Combining Multiple Supervision for Robust Zero-Shot Dense Retrieval

Authors: Yan Fang, Qingyao Ai, Jingtao Zhan, Yiqun Liu, Xiaolong Wu, Zhao Cao

AAAI 2024 | Conference PDF | Archive PDF | Plain Text | LLM Run Details

Reproducibility Variable Result LLM Response
Research Type Experimental Extensive experiments on zero-shot DR benchmarks show that RMSC significantly improves the ranking performance on the target domain compared to strong DR baselines and domain adaptation methods, while being stable during training and can be combined with query generation or second-stage pre-training.
Researcher Affiliation Collaboration Yan Fang1, Qingyao Ai1*, Jingtao Zhan1, Yiqun Liu1, Xiaolong Wu2, Zhao Cao2 1Quan Cheng Laboratory & DCST, Tsinghua University & Zhongguancun Laboratory & Beijing, China 2Huawei Poisson Lab fangy21@mails.tsinghua.edu.cn, aiqy@tsinghua.edu.cn
Pseudocode No The paper does not contain any sections or figures explicitly labeled 'Pseudocode' or 'Algorithm', nor are there structured steps formatted like code blocks.
Open Source Code No The paper does not contain any explicit statement or link indicating that the source code for the proposed methodology is publicly available.
Open Datasets Yes Following recent zero-shot DR research, we use the MS MARCO Passage Ranking dataset (Nguyen et al. 2016) as the source domain, with a corpus of 8.8M passages from web pages and 0.5M training queries.
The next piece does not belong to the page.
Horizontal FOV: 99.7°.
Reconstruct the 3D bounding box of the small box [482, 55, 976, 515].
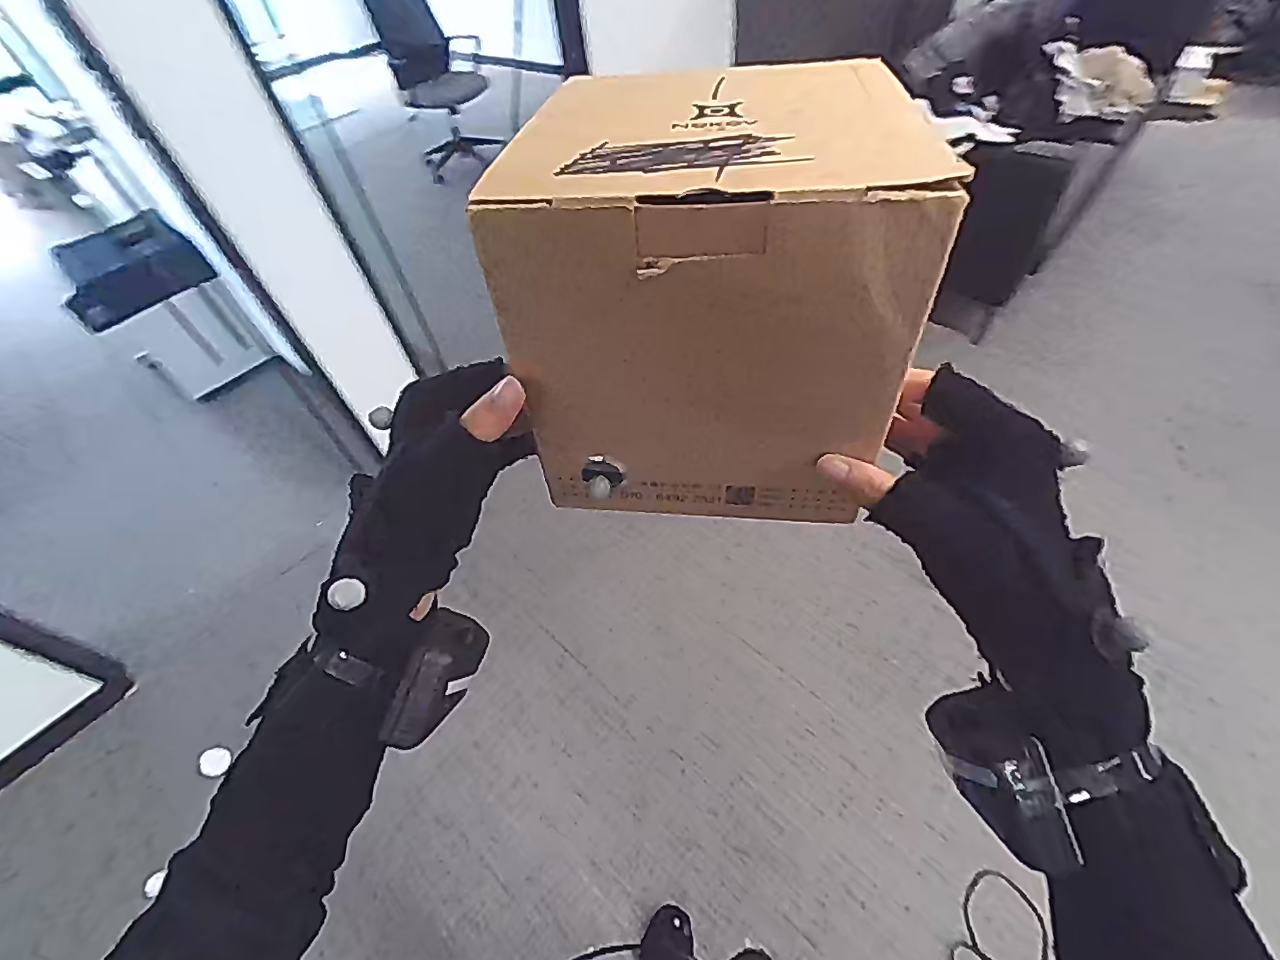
[{"bbox_3d":[0.042,-0.098,0.289,0.168,0.176,0.179,3,48,8],"label":"small box"}]
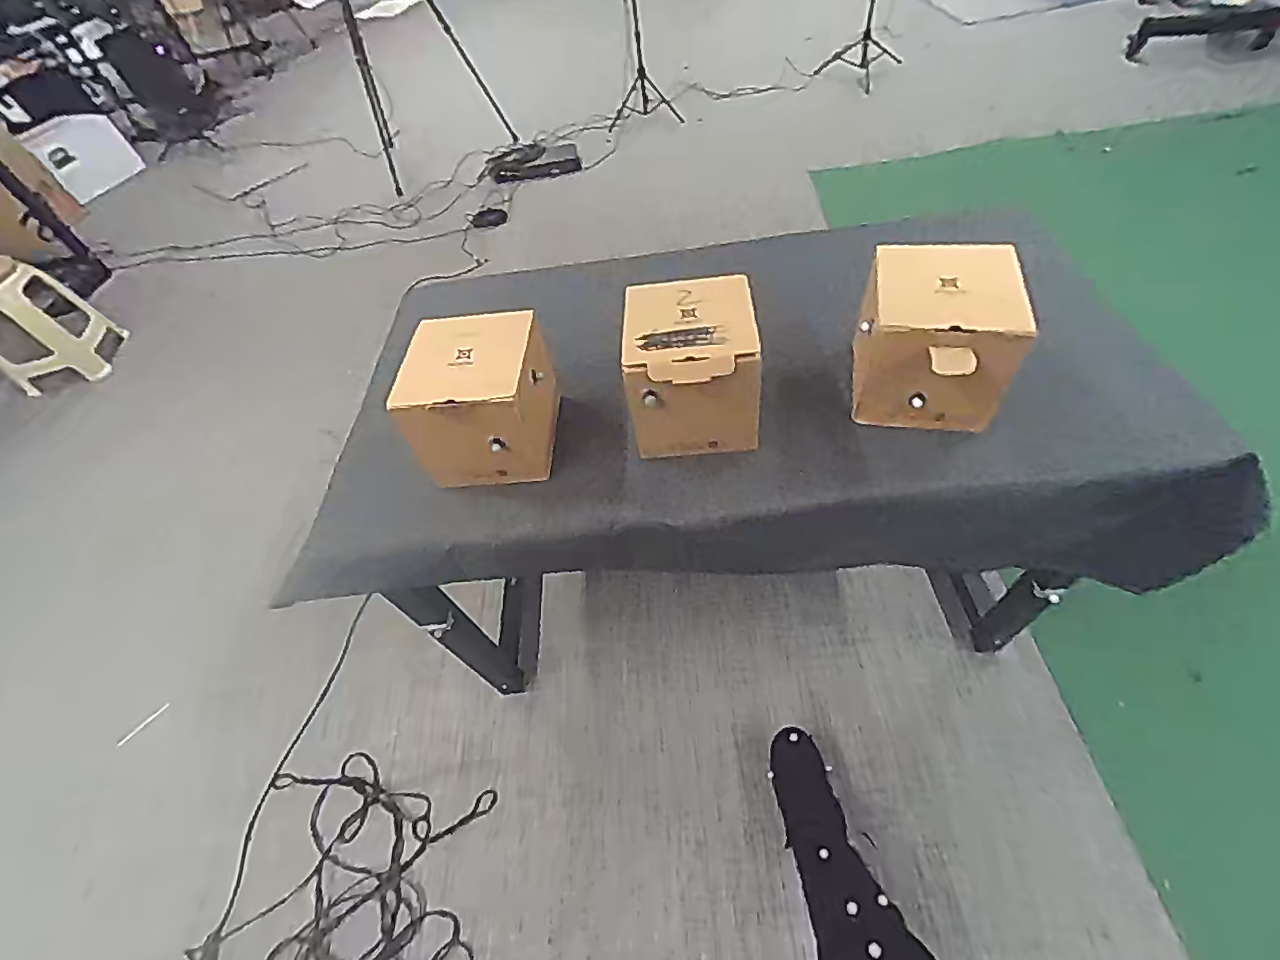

Each training query is coupled with a manually labeled positive passage, which together constitute the source supervised signals. As for the out-of-domain test sets, we select the BEIR dataset (Thakur et al. 2021) and the Lotte benchmark (Santhanam et al. 2021).
Dataset Splits No The paper mentions using MS MARCO for training and BEIR/Lotte for testing but does not provide specific train/validation/test split percentages, sample counts, or explicit references to predefined validation splits.
Hardware Specification No The paper does not provide any specific details regarding the hardware used for running the experiments, such as GPU models, CPU types, or memory specifications.
Software Dependencies No The paper mentions using 'Py Torch Framework and Hugging Face Library' and 'NLTK library' but does not specify their version numbers, which is required for reproducible software dependencies.
Experiment Setup Yes When implementing RMSC, the number of special tokens k is set to 1, and each special token is randomly initialized. For weak supervision extraction, we use the NLTK library to divide a document into sentences. The ICT method is used for the Lotte dataset and SCL for the BEIR dataset. We use Adam W optimizer during training. The batch size is set to 512 and the learning rate is set to 1e-5. As for the training settings, we adopt random negative sampling and select one negative document for each query.